== The task ==
The reply must repeat the listing below exactly and carry none of its pictures.

== Excerpted data ==
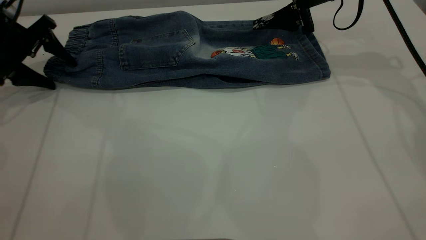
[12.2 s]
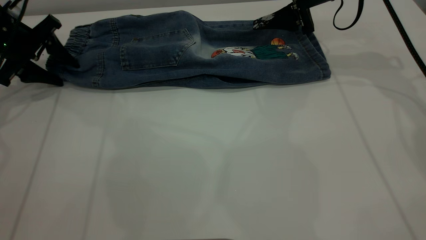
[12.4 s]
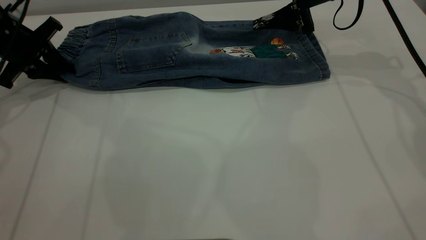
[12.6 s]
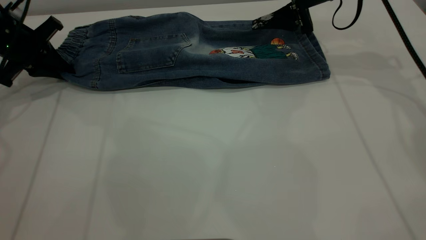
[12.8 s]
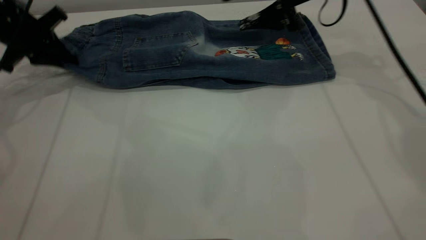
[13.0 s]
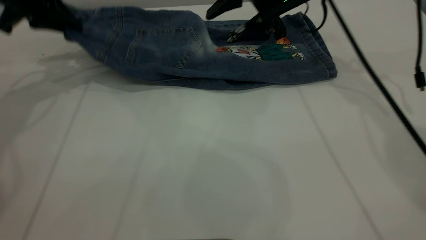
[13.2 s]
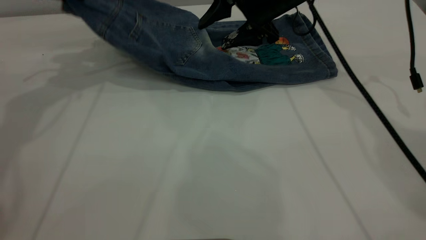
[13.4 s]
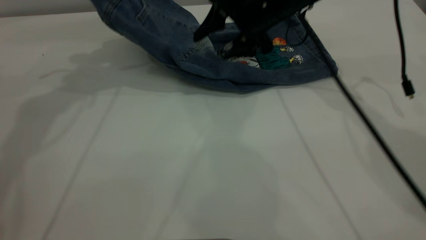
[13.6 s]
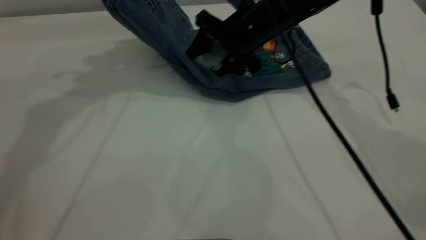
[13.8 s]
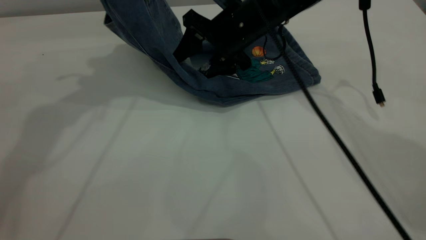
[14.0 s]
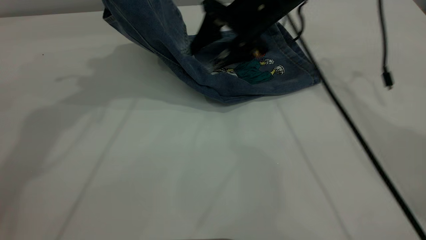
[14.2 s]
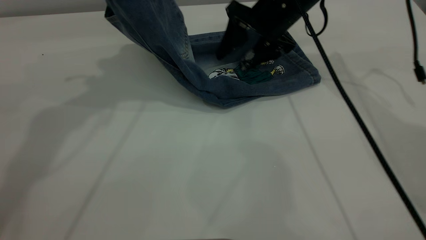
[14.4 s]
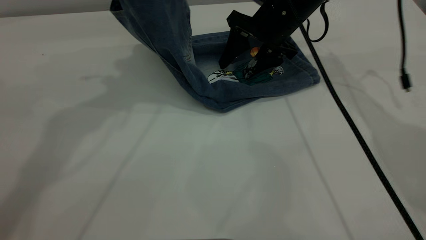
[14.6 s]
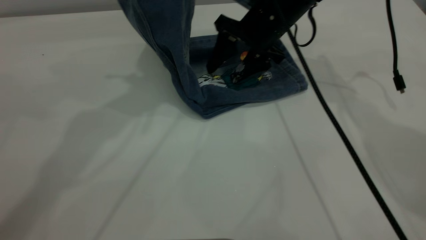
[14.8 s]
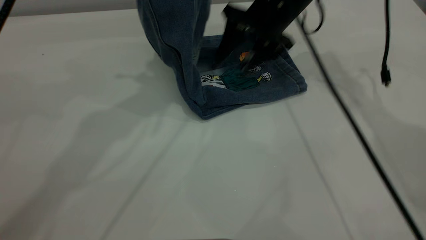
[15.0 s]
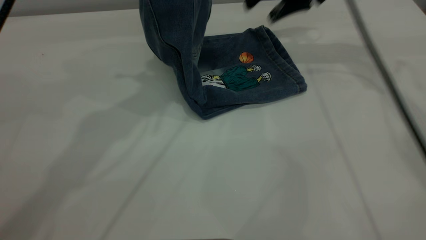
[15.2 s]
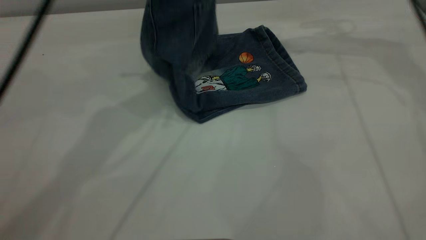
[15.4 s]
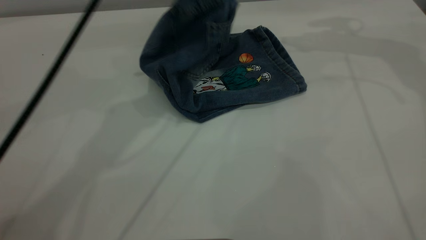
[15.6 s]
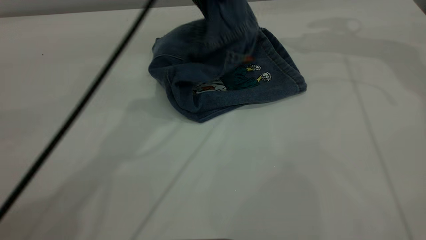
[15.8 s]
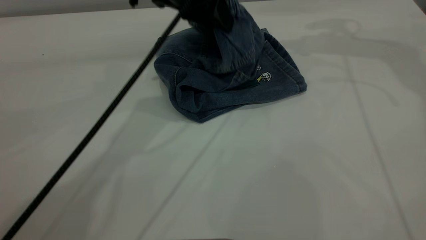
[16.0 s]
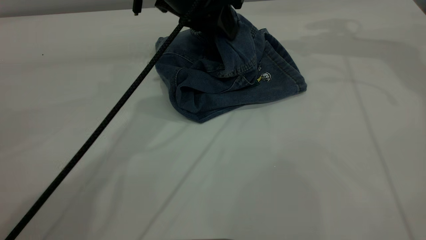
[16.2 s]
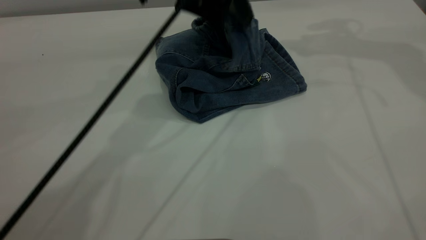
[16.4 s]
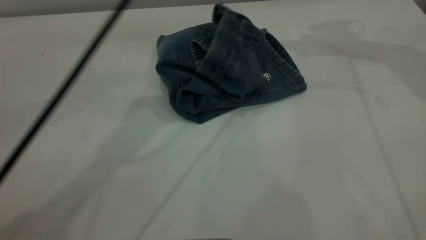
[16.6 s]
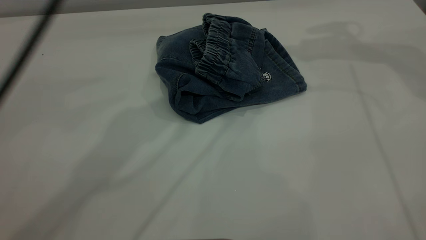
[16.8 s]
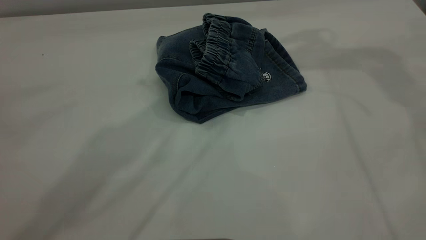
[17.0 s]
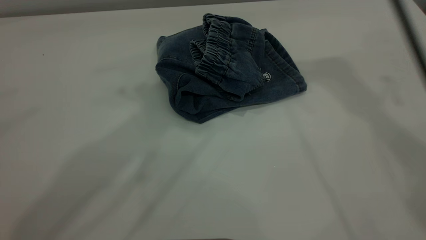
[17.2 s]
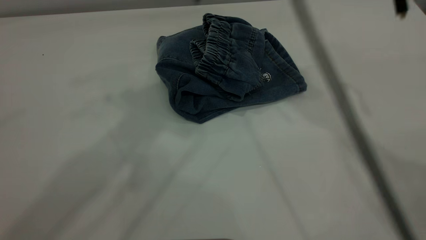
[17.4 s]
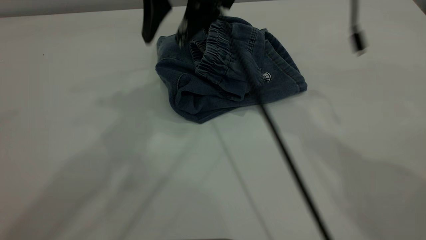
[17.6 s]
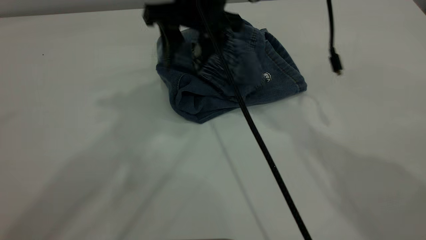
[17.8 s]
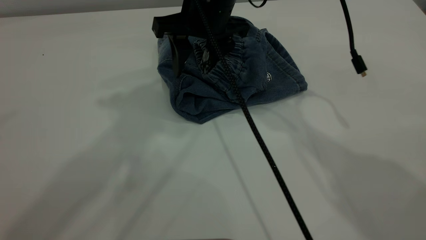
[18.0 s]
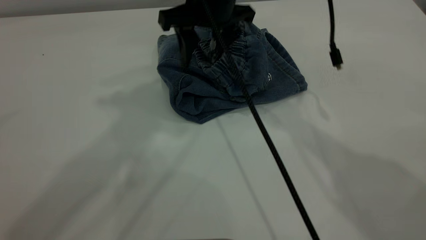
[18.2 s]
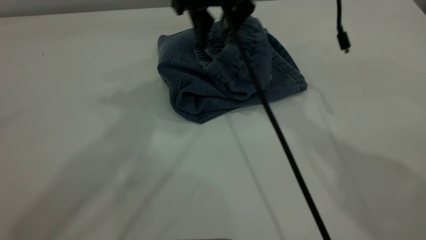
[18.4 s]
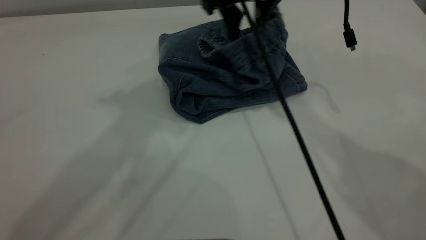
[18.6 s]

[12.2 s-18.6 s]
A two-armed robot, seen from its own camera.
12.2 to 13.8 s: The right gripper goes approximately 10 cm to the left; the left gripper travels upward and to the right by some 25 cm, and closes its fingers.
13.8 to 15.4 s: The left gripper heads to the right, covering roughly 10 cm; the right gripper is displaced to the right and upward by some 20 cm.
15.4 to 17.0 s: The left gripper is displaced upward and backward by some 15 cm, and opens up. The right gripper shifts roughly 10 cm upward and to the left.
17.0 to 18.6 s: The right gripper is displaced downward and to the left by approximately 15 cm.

== Result for this exercise ==
[12.2 s]
[12.4 s]
[12.6 s]
[12.8 s]
[13.0 s]
[13.2 s]
[13.4 s]
[13.6 s]
[13.8 s]
[14.0 s]
[14.2 s]
[14.4 s]
[14.6 s]
[14.8 s]
[15.0 s]
[15.2 s]
[15.4 s]
[15.6 s]
[15.8 s]
[16.0 s]
[16.2 s]
[16.4 s]
[16.6 s]
[16.8 s]
[17.0 s]
[17.2 s]
[17.4 s]
[17.6 s]
[17.8 s]
[18.0 s]
[18.2 s]
[18.4 s]
[18.6 s]

[12.2 s-18.6 s]
A two-armed robot, seen from its own camera.
12.2 to 13.8 s: The right gripper goes approximately 10 cm to the left; the left gripper travels upward and to the right by some 25 cm, and closes its fingers.
13.8 to 15.4 s: The left gripper heads to the right, covering roughly 10 cm; the right gripper is displaced to the right and upward by some 20 cm.
15.4 to 17.0 s: The left gripper is displaced upward and backward by some 15 cm, and opens up. The right gripper shifts roughly 10 cm upward and to the left.
17.0 to 18.6 s: The right gripper is displaced downward and to the left by approximately 15 cm.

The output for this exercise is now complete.